I awkwardly answered a stumbled “Um, thanks?”, or something.

But what I wish I had said was this…

When I was in high school, I wore a sleeveless dress to an event. An adult told me that I really shouldn’t have worn that, because “You’re just not built for it – you have too fat of arms to wear sleeveless dresses.”

Although they were trying to be constructively “helpful”, I was seventeen years old and, albeit a bit later than most, just starting to form my own body image.

I carried that statement with me for an entire decade. I had sleeves on my wedding dress because of it, and I had a wardrobe full of sleeved shirts and dresses – until just a couple of years ago, when I finally let it go and accepted my arms as they were.

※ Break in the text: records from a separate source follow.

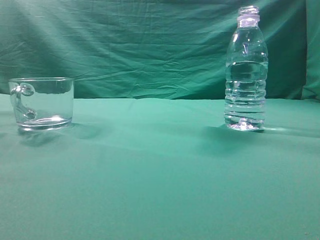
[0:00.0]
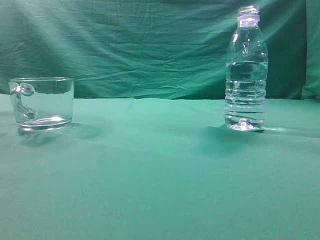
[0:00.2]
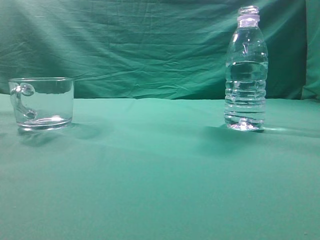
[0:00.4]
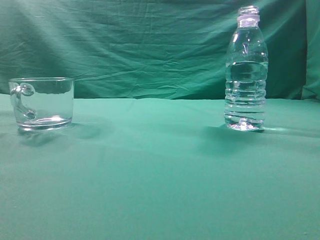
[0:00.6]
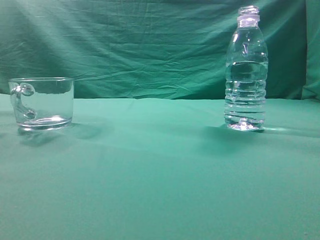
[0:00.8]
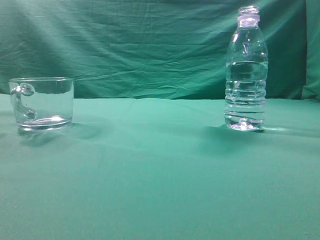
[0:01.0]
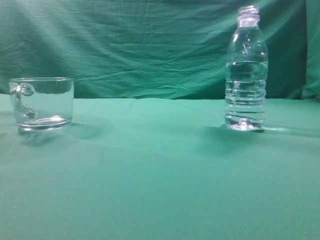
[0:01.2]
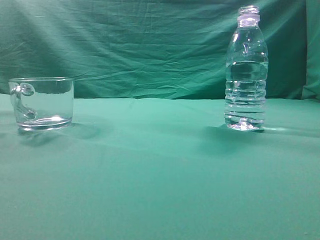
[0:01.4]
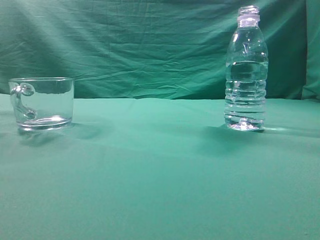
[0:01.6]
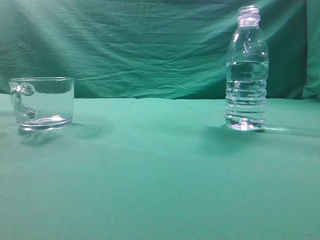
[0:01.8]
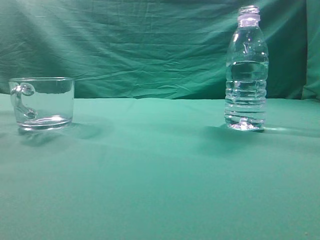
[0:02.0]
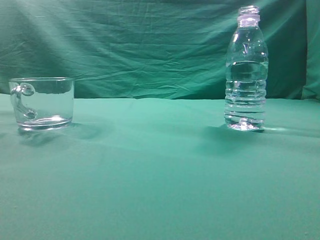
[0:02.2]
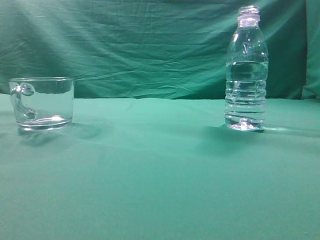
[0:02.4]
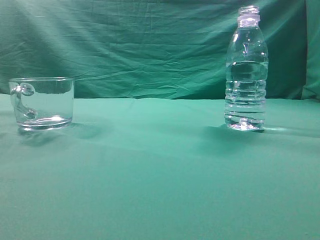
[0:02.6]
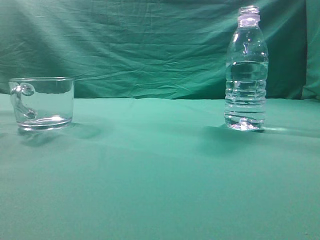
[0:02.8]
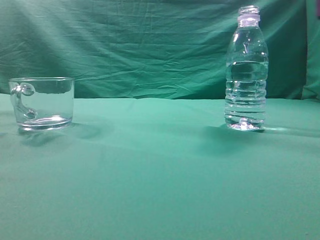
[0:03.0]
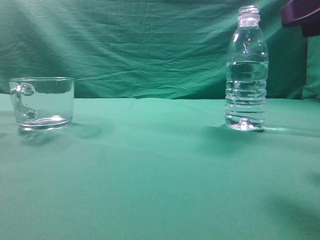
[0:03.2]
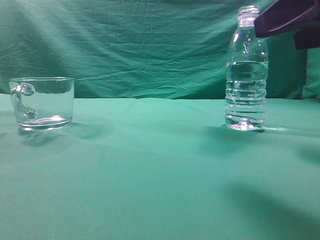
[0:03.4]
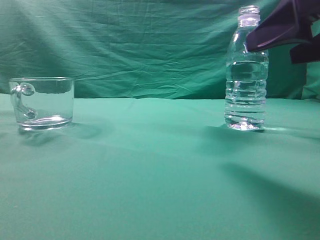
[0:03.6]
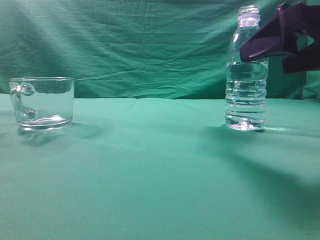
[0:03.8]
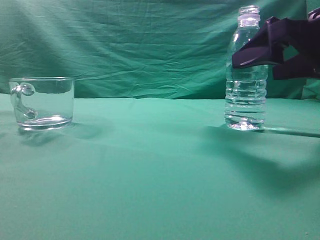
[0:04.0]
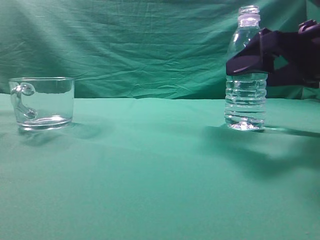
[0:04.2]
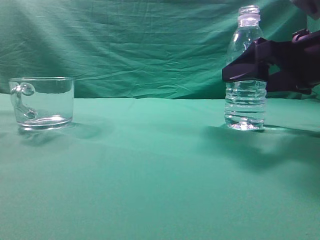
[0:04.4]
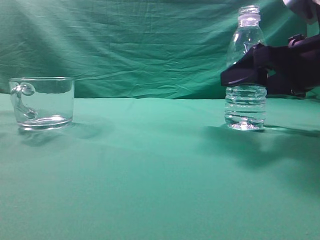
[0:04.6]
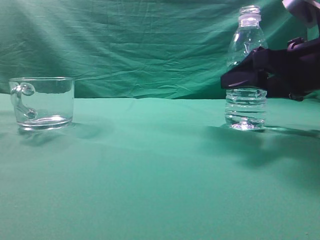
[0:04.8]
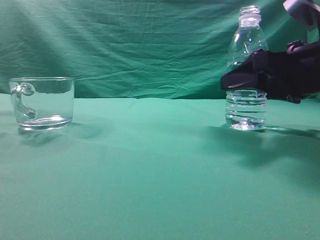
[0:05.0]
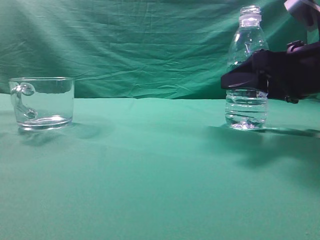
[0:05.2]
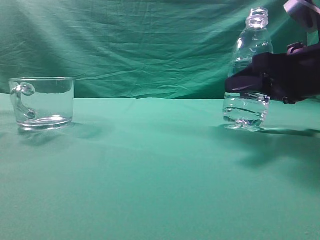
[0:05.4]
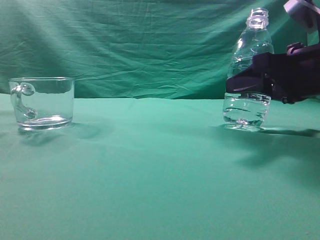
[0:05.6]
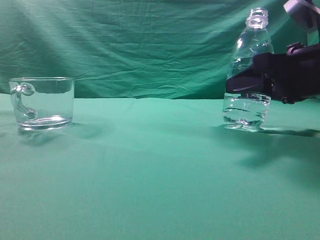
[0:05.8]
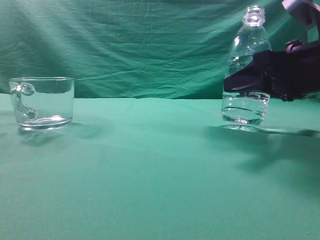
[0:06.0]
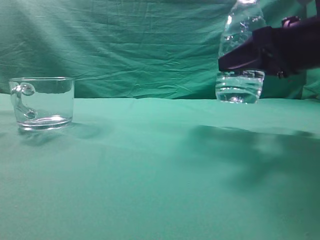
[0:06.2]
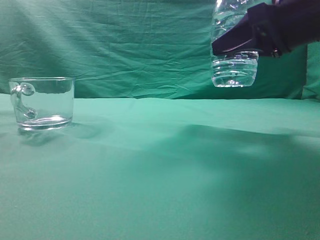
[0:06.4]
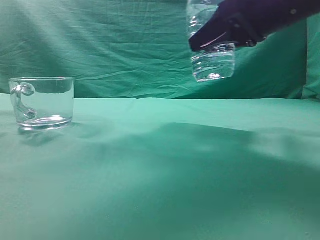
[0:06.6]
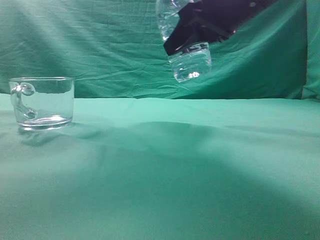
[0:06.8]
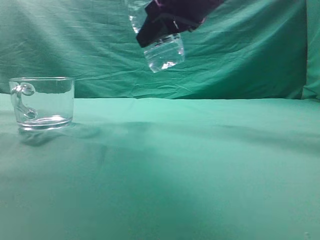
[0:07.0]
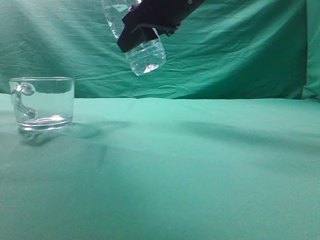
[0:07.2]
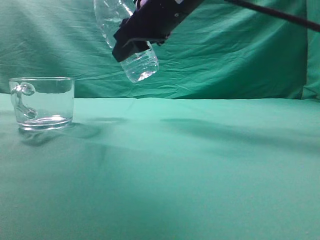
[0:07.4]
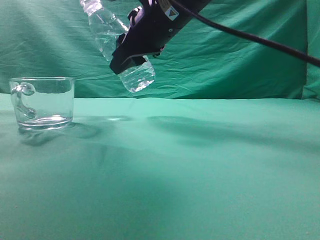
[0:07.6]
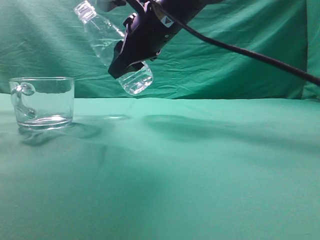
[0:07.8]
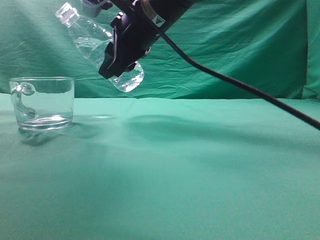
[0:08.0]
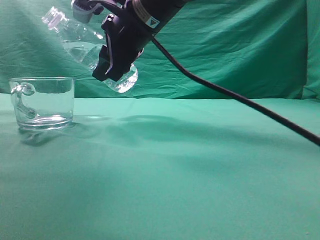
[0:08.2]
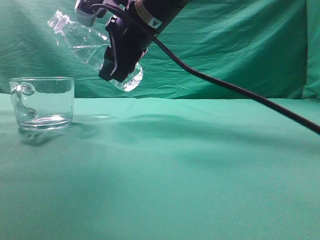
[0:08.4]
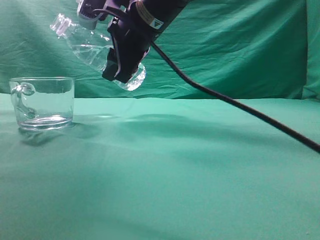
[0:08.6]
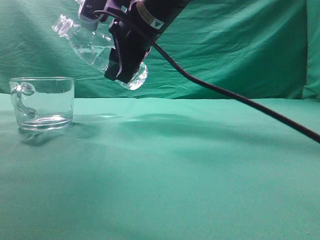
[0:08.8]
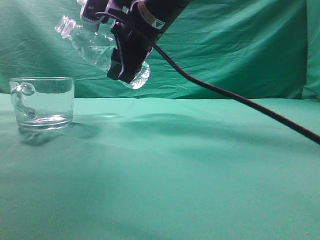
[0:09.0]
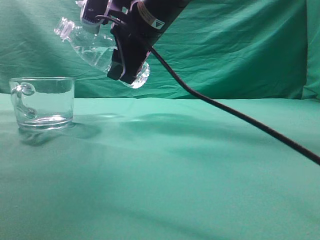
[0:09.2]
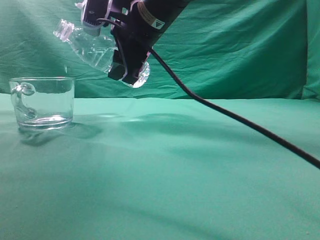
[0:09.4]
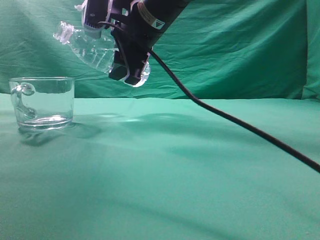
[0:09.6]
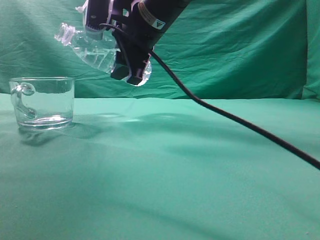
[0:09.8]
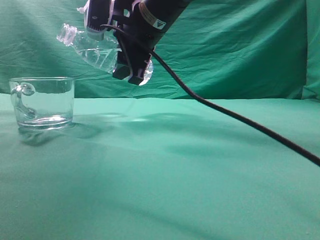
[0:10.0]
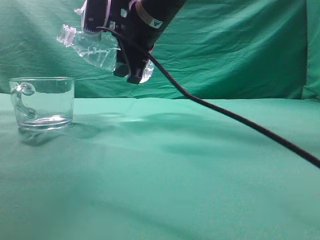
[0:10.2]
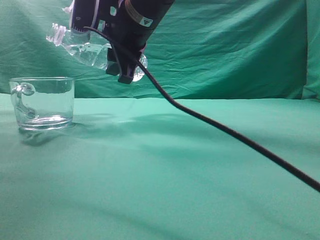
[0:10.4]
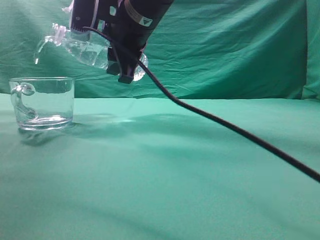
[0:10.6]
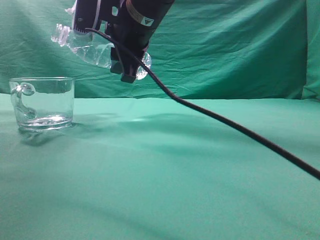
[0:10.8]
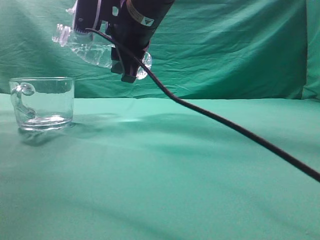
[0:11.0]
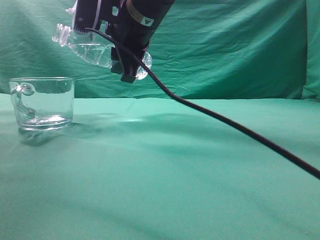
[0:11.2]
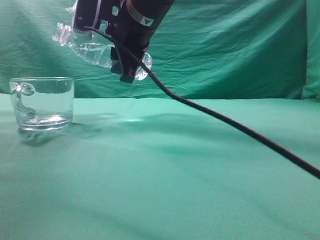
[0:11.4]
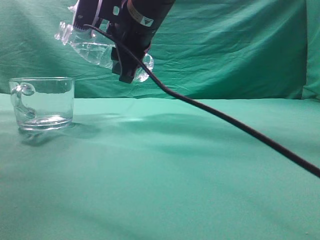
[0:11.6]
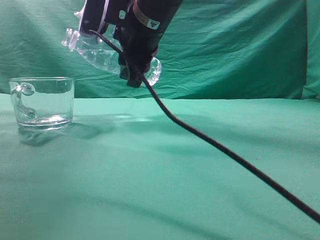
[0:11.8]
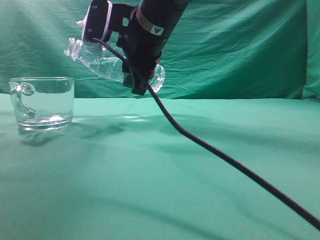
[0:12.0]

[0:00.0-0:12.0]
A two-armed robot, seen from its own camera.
Task of the whole recording: pick up the water bottle and pour the water in it into the glass.
Step, 0:00.0 to 0:06.2: Grasp the mineral water bottle.
0:03.0 to 0:04.4: The right gripper travels forward and downward by approximately 15 cm, and opens.
0:04.4 to 0:06.0: The right gripper closes up.
0:06.0 to 0:07.6: The right gripper is displaced to the left, upward and forward by about 25 cm.
0:09.0 to 0:12.0: There are only small adjustments of the grippers.

At the age of seventeen, I weighed 138 pounds. Today, I weigh 128 pounds. There were a lot of ups and downs (mostly ups) in my weight between then and now, but I still can’t imagine how 13 years and 10 pounds could swing one from having too fat of arms to wear a sleeveless dress to looking anorexic.

And that’s just the point.

There’s something I’ve learned in those 13 years – everyone has an opinion, and most of them are vastly different. And my body should not, will not, and cannot be defined by other people’s opinions.

Okay – this is not true.

I have learned that this is how it should be, but putting it into practice is another battle entirely. I thrive on words of affirmation, which also explains why I am motivated to blog my soul’s contents for the world to see. I live and die by other people’s words. They lift me up and they destroy me.

But that should not be so. Opinions always have and always will be as unique and wide-ranging as the people that are creating them. If I allow myself to internalize each and every one of the words spoken to me and about me, I will become a scarred reflection of everyone else.

The bottom line is this: I was healthy when I was seventeen and I’m healthy at thirty. There were times in between then and now that I probably wasn’t so healthy, but the important part is, I adjusted.

But even at my healthiest and certainly at my unhealthiest, I have enough of my own tendencies and self-consciousnesses to fight without owning other people’s ideas and perceptions as well.

My goal is this: to become unlabeled.

And even more importantly, to teach Ali how to stay unlabeled.

I sincerely hope that it doesn’t take my daughter thirteen years to figure out this crucial concept for herself. I want for her to be able to keep the complete unawareness of body image that she has now, at five years old, until she is thirty and beyond.

Impossible, probably. But it’s most certainly worth the effort.

Unlabeled

48 thoughts on “Unlabeled.

  1. I remember on my 25th birthday the first thing my mom said to me when she saw me was, “you arms are getting so big, you should really watch what you eat”. Happy birthday to me! She has always been critical of my weight even when I was a stick in middle school. Looking back, she has always been overweight and it’s her way of not wanting the same for me, but going about it in a totally wrong way.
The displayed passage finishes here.